- _WORK REQUIRED_: Print only the lines that begin at the line containing "hfov=58.4deg. Please identify" and end at the last line of the material, both included, without any change.
DATASET EXTRACT: Begin
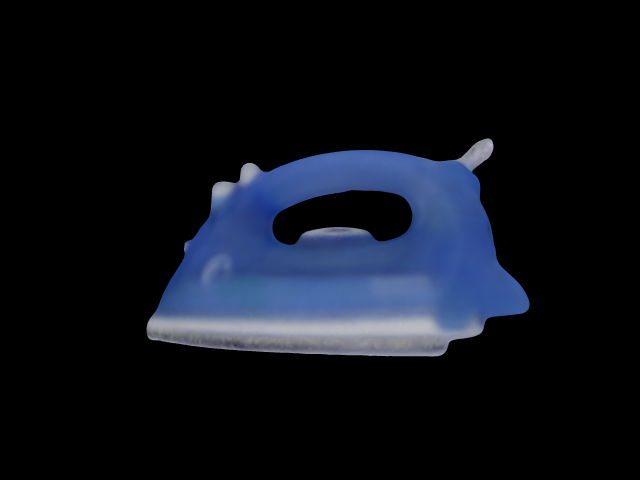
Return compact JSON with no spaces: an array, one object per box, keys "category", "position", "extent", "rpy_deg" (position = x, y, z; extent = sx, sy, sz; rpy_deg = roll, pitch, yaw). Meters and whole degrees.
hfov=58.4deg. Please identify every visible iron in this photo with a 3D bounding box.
[{"category":"iron","position":[0.004,0.001,0.400],"extent":[0.258,0.141,0.119],"rpy_deg":[0,0,5]}]
DATASET EXTRACT: End
- _RESPONSE FOR THIS EXERCISE_:
hfov=58.4deg. Please identify every visible iron in this photo with a 3D bounding box.
[{"category":"iron","position":[0.004,0.001,0.400],"extent":[0.258,0.141,0.119],"rpy_deg":[0,0,5]}]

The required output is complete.